Congress Should Stand Up to the Fed
by Ralph Nader


The Federal Reserve has always acted as a separate government. Normal checks and balances that apply to other federal agencies are simply ignored by the Federal Reserve Board. The Board sets its own budget and operates off the billions of dollars collected in buying and selling government securities as part of its control of the money supply. The spending is not even subject to a formal Congressional review. With the exception of an occasional perfunctory hearing, Congressional oversight is largely a joke or non existent. Rather than probing the operations of the Federal Reserve, hearings invariably become contests to see which Member of Congress can utter the most fulsome praise for the Fed and its current Chairman, Alan Greenspan.

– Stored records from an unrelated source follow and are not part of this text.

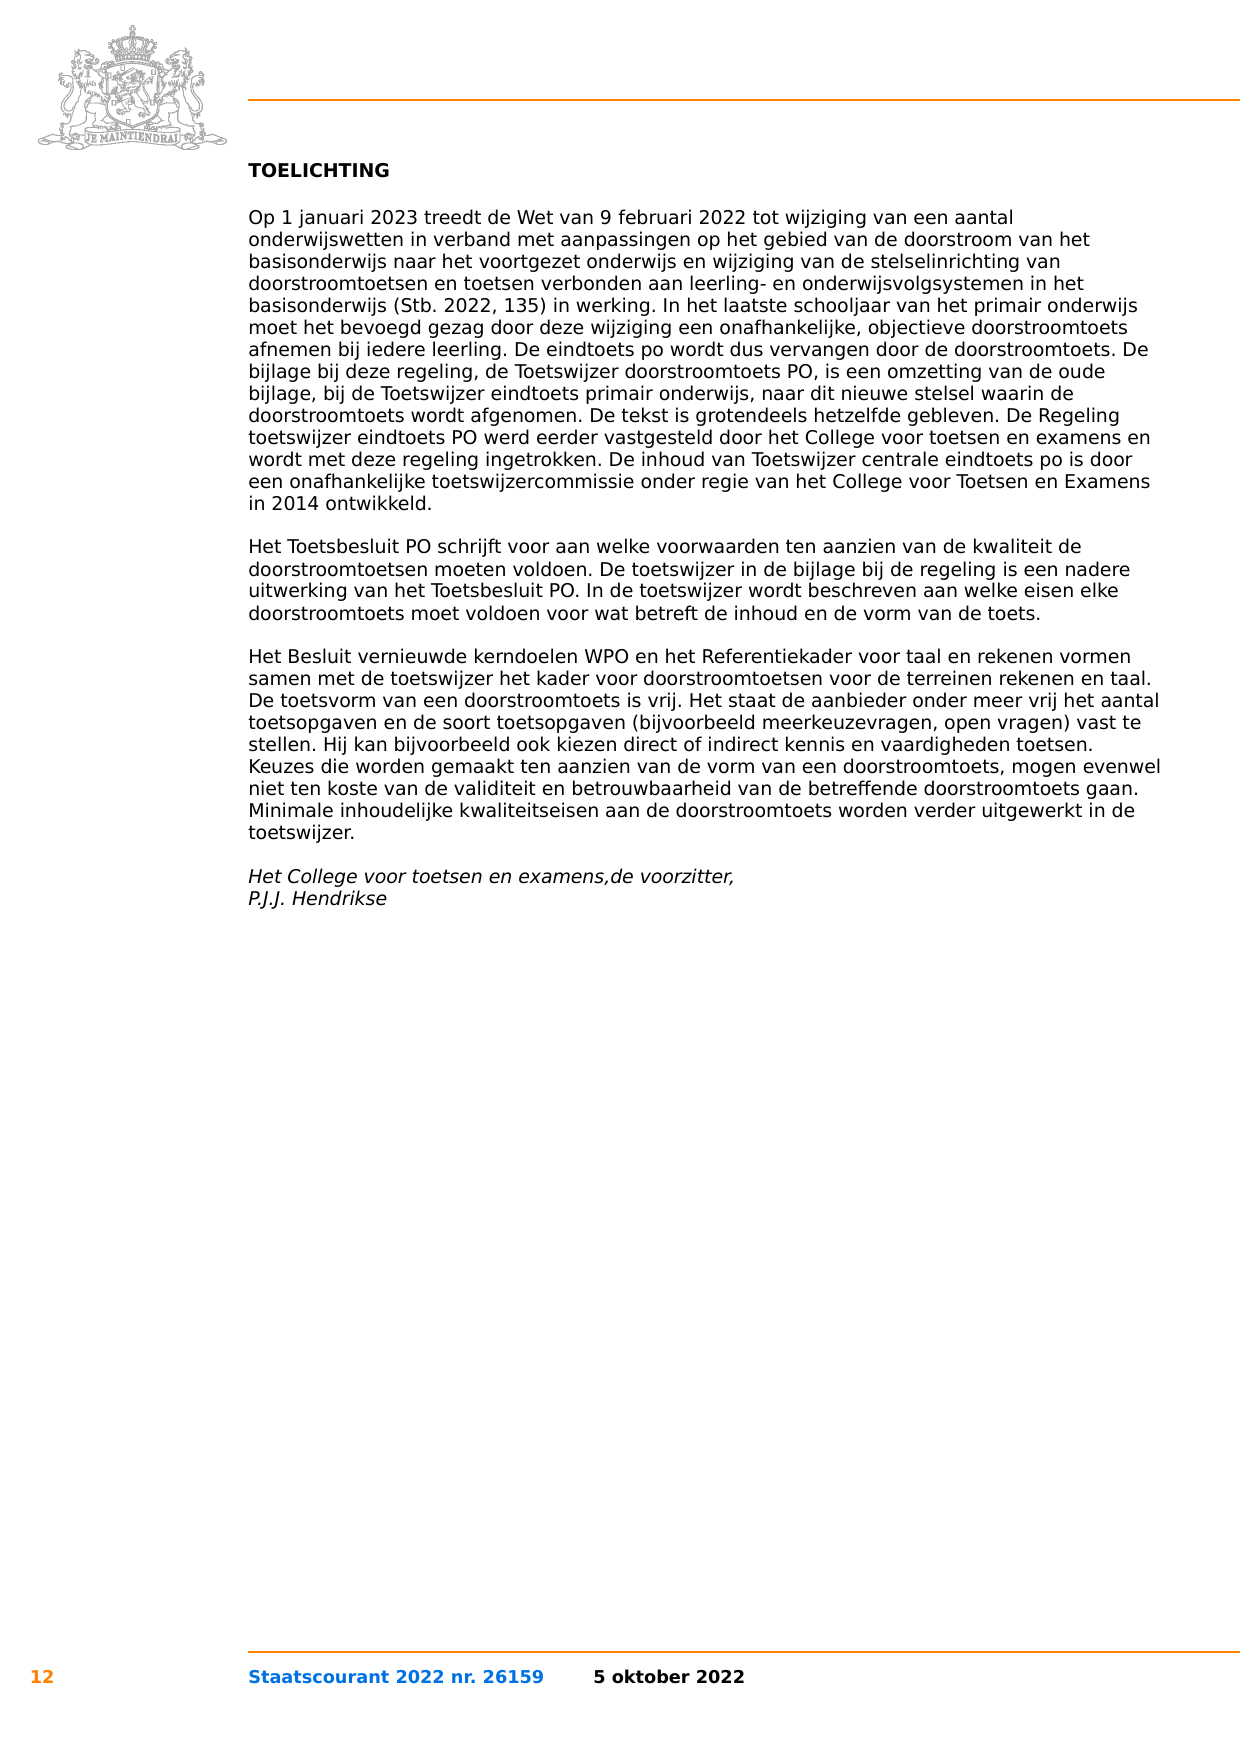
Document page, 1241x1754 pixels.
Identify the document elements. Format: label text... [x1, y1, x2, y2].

text Het Toetsbesluit PO schrijft voor aan welke voorwaarden ten aanzien van de kwaliteit de doorstroomtoetsen moeten voldoen. De toetswijzer in de bijlage bij de regeling is een nadere uitwerking van het Toetsbesluit PO. In de toetswijzer wordt beschreven aan welke eisen elke doorstroomtoets moet voldoen voor wat betreft de inhoud en de vorm van de toets. [248, 536, 1163, 624]
picture [38, 25, 227, 150]
text Het College voor toetsen en examens,de voorzitter, P.J.J. Hendrikse [248, 866, 1163, 910]
text Het Besluit vernieuwde kerndoelen WPO en het Referentiekader voor taal en rekenen vormen samen met de toetswijzer het kader voor doorstroomtoetsen voor de terreinen rekenen en taal. De toetsvorm van een doorstroomtoets is vrij. Het staat de aanbieder onder meer vrij het aantal toetsopgaven en de soort toetsopgaven (bijvoorbeeld meerkeuzevragen, open vragen) vast te stellen. Hij kan bijvoorbeeld ook kiezen direct of indirect kennis en vaardigheden toetsen. Keuzes die worden gemaakt ten aanzien van de vorm van een doorstroomtoets, mogen evenwel niet ten koste van de validiteit en betrouwbaarheid van de betreffende doorstroomtoets gaan. Minimale inhoudelijke kwaliteitseisen aan de doorstroomtoets worden verder uitgewerkt in de toetswijzer. [248, 646, 1163, 844]
subtitle TOELICHTING [248, 160, 1163, 182]
text Op 1 januari 2023 treedt de Wet van 9 februari 2022 tot wijziging van een aantal onderwijswetten in verband met aanpassingen op het gebied van de doorstroom van het basisonderwijs naar het voortgezet onderwijs en wijziging van de stelselinrichting van doorstroomtoetsen en toetsen verbonden aan leerling- en onderwijsvolgsystemen in het basisonderwijs (Stb. 2022, 135) in werking. In het laatste schooljaar van het primair onderwijs moet het bevoegd gezag door deze wijziging een onafhankelijke, objectieve doorstroomtoets afnemen bij iedere leerling. De eindtoets po wordt dus vervangen door de doorstroomtoets. De bijlage bij deze regeling, de Toetswijzer doorstroomtoets PO, is een omzetting van de oude bijlage, bij de Toetswijzer eindtoets primair onderwijs, naar dit nieuwe stelsel waarin de doorstroomtoets wordt afgenomen. De tekst is grotendeels hetzelfde gebleven. De Regeling toetswijzer eindtoets PO werd eerder vastgesteld door het College voor toetsen en examens en wordt met deze regeling ingetrokken. De inhoud van Toetswijzer centrale eindtoets po is door een onafhankelijke toetswijzercommissie onder regie van het College voor Toetsen en Examens in 2014 ontwikkeld. [248, 207, 1163, 514]

The Federal Reserve picks and chooses what laws it follows. It claims, for example, that it is not subject to the Civil Rights Act and the provisions of the Act which outlaw job discrimination. In 1980, the Congress passed the Monetary Control Act in an attempt to eliminate the subsidies that the Federal Reserve was handing out to commercial banks in the form of below market pricing of check clearing and other services. The Fed processes more than 17 billion checks annually, largely carried out through a contract fleet of 53 airplanes.

Instead of changing its pricing system to comply with the law, the Fed has engaged in some "creative bookkeeping" and some less than straight forward explanations to Congress in an attempt to obscure the subsidies.

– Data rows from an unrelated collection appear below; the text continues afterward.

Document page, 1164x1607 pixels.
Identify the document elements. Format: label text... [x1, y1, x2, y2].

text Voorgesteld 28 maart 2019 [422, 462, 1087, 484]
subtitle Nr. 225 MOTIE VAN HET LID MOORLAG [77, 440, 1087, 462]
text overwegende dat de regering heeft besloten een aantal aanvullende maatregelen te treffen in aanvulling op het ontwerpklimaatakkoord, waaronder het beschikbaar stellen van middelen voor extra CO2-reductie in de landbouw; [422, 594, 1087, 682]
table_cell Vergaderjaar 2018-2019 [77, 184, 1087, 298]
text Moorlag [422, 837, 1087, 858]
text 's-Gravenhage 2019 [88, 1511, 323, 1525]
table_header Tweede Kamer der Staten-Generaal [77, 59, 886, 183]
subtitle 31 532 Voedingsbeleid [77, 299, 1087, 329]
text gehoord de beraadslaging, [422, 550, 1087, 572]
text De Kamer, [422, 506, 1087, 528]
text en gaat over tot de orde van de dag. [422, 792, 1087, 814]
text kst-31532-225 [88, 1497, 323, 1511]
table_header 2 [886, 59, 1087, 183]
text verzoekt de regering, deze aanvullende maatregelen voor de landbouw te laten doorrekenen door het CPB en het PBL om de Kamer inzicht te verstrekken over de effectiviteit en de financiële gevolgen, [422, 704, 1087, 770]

A handful of Members of Congress and their staffs have refused to fall for the Fed’s flimsy explanations. They believe that the Federal Reserve is continuing to thumb its nose at the law and the clear intent of Congress that services be priced at market value and the subsidies ended for the banks.

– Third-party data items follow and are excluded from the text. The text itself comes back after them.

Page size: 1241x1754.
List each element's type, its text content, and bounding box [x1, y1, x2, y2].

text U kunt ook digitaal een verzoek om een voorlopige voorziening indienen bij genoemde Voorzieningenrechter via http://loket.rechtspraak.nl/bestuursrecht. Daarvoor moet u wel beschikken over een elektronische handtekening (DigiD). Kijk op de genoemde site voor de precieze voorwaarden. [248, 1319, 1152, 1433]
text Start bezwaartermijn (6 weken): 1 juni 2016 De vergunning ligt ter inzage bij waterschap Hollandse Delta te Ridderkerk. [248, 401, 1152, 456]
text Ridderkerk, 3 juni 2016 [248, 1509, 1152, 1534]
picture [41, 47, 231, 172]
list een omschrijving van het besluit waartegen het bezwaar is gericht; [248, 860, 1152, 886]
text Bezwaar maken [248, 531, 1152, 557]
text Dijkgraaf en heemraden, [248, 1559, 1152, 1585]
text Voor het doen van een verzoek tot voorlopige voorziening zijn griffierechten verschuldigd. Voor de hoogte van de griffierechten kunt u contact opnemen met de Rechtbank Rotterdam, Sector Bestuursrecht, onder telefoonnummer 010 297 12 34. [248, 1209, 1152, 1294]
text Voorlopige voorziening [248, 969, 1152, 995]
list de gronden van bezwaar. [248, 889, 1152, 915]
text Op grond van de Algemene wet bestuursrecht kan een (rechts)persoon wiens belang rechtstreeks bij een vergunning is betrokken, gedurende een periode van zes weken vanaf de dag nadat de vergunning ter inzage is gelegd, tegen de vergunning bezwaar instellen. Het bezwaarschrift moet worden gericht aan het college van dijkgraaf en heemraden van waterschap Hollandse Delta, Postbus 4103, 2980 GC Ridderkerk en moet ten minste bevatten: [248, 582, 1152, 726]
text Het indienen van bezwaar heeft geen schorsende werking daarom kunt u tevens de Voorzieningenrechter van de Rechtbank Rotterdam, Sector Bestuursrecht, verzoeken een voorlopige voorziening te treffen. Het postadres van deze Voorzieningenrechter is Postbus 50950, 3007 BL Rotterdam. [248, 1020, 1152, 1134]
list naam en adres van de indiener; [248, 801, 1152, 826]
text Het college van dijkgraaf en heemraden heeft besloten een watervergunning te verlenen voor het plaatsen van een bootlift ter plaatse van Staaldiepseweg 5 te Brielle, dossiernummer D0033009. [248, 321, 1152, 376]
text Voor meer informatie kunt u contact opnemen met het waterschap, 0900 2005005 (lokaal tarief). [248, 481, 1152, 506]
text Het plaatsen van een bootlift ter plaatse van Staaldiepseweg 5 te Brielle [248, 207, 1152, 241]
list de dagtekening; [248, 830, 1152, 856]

During the mid 1990s former House Banking Chairman Henry Gonzalez and his chief economist and Fed-tracker extraordinaire, Dr. Robert Auerbach, conducted detailed investigations which revealed "waste and fraud" in the Fed’s payment system. Among other things, the Gonzalez report documented what it called "corrupted bidding procedures," interference with competitors and overcharging the U. S. Treasury for hauling its cleared checks–all of which helped mask the subsidies. The report cited, as well, cases of the Fed paying for "phantom aircraft" and double paying for aircraft that the Federal Aviation Administration had permanently grounded due to falsified maintenance reports.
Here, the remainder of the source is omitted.